The sense of bleak consequence is heightened by the fact that you're only ever allowed to play the game once, with there being no option to replay through the story (unless, of course, you want to get smart and disallow cookies, in which case you're free to see the apocalypse play out as many times as you desire).
It's no surprise that such bleakness hasn't worked its way into the mainstream - sadness, after all, doesn't really sell - but it's a shame that it's not at least a part of the make-up of more popular games.
Some have dabbled with introducing more complex emotions into their mechanics - Shenmue, with its long afternoons of aimless wandering waiting for something to happen, toyed brilliantly with the boredom of a teenage existence, while more recently Red Dead Redemption worked the quiet complacency of domestic life into its play to excellent effect. Both those games' power to linger, for me, comes from their willingness to evoke emotions that go beyond a simple thrill.
When a blockbuster game dares to play with more complex feelings, they've often elevated themselves above their competition. Much of Dark Souls' power comes not just from the reward of player skill and its smart, slow sense of progression but from the strange, hostile and infinitely complex world that it conjures, and the sense it evokes of being a wanderer lost amidst a backdrop of suffering. It is not, by any stretch, a feel-good experience.
And then there's the master of melancholy, Shadow of the Colossus, a game whose greatness comes from how it works its downbeat mood into every second of its play.
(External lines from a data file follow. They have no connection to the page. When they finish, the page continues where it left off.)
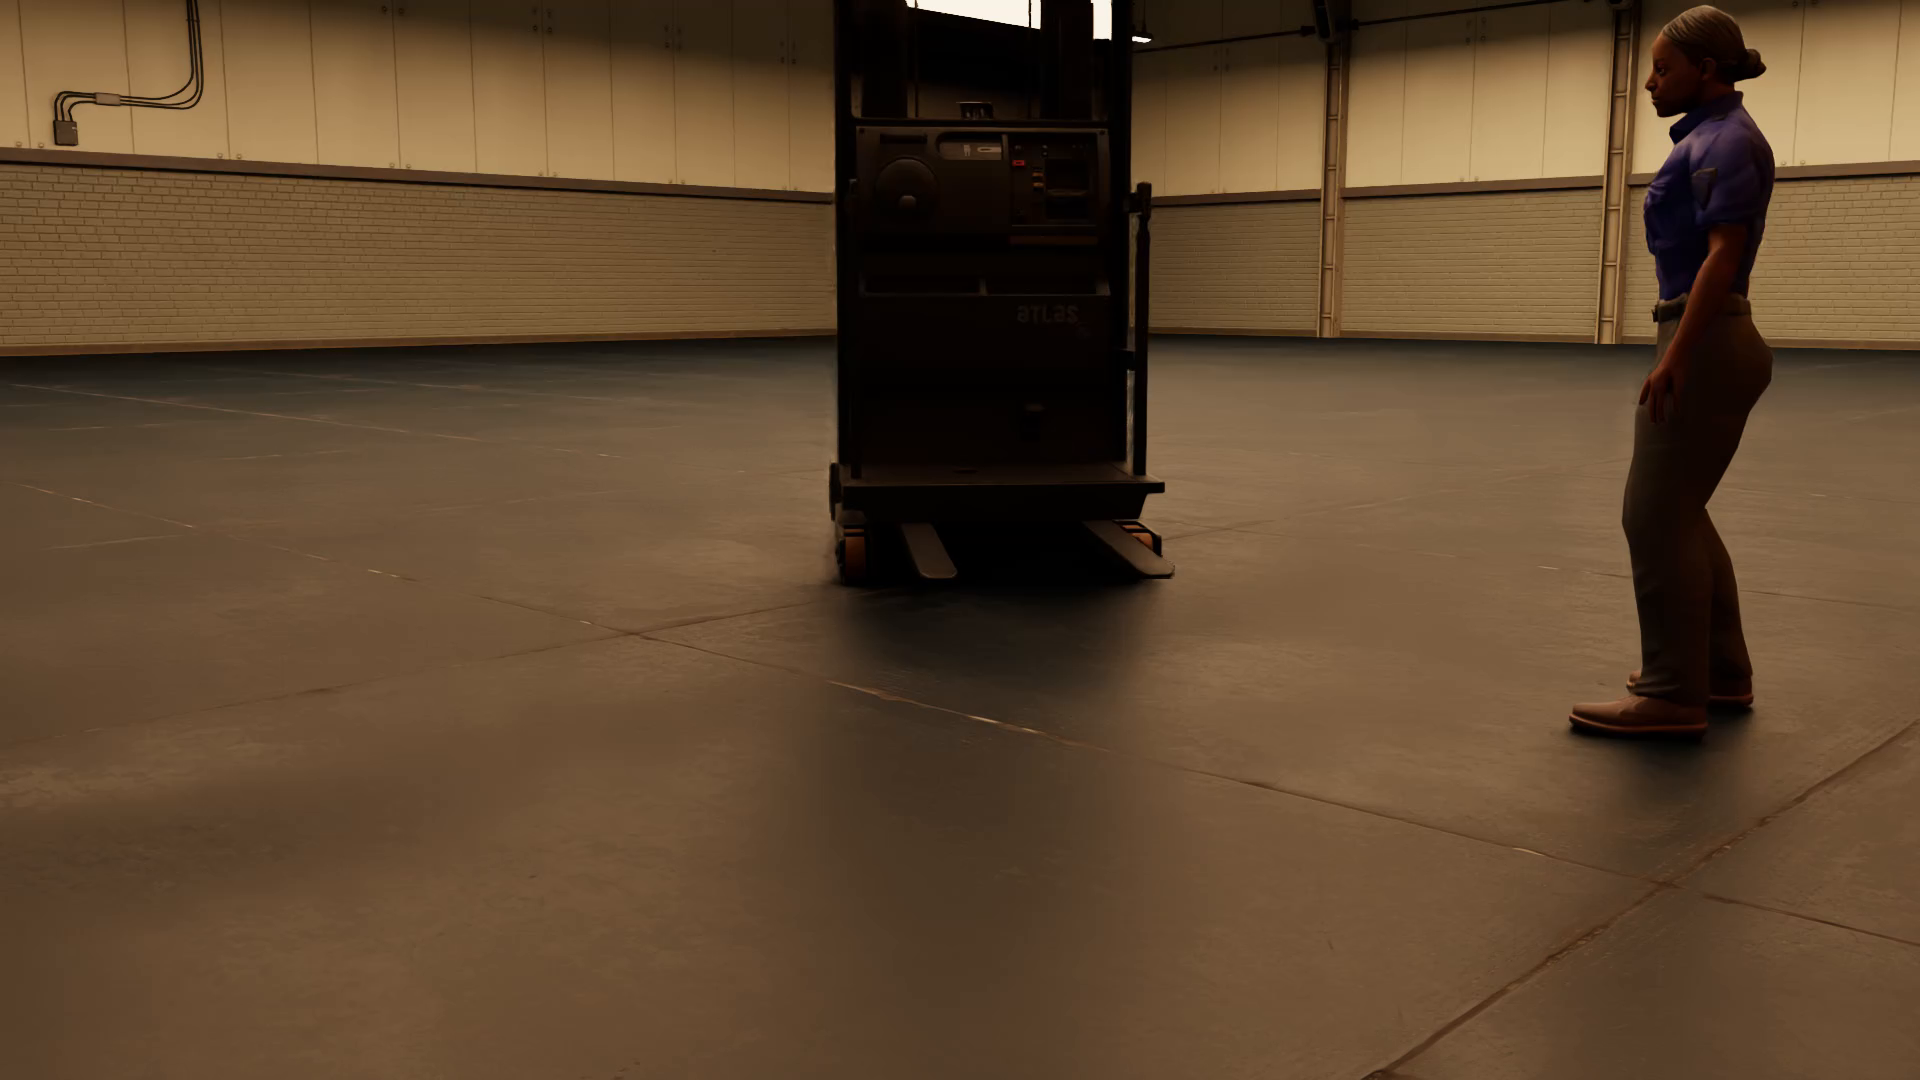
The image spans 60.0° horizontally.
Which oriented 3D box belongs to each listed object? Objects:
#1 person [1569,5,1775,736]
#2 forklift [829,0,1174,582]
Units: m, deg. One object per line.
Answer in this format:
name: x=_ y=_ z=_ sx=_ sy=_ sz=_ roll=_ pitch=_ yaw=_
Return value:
person: x=1.703 y=-0.403 z=3.893 sx=0.381 sy=1.642 sz=0.659 roll=4 pitch=10 yaw=26
forklift: x=0.108 y=-1.353 z=5.859 sx=1.130 sy=2.935 sz=3.031 roll=-1 pitch=9 yaw=-5

The exploration is infused with a sense of hopeless isolation, and the violence it asks of you goes beyond provoking a feeling of guilt - each thrust of the sword into the skull of a wandering beast becomes charged with a certain sadness.
It's enough to elevate what's essentially a boss rush set in an open world into an experience that, towards the climax, is almost devastating. Games, quite often, are toys, and I wouldn't want that playful, essential vein to ever end - but I think it's worthwhile that every now and then they try to be something else, too.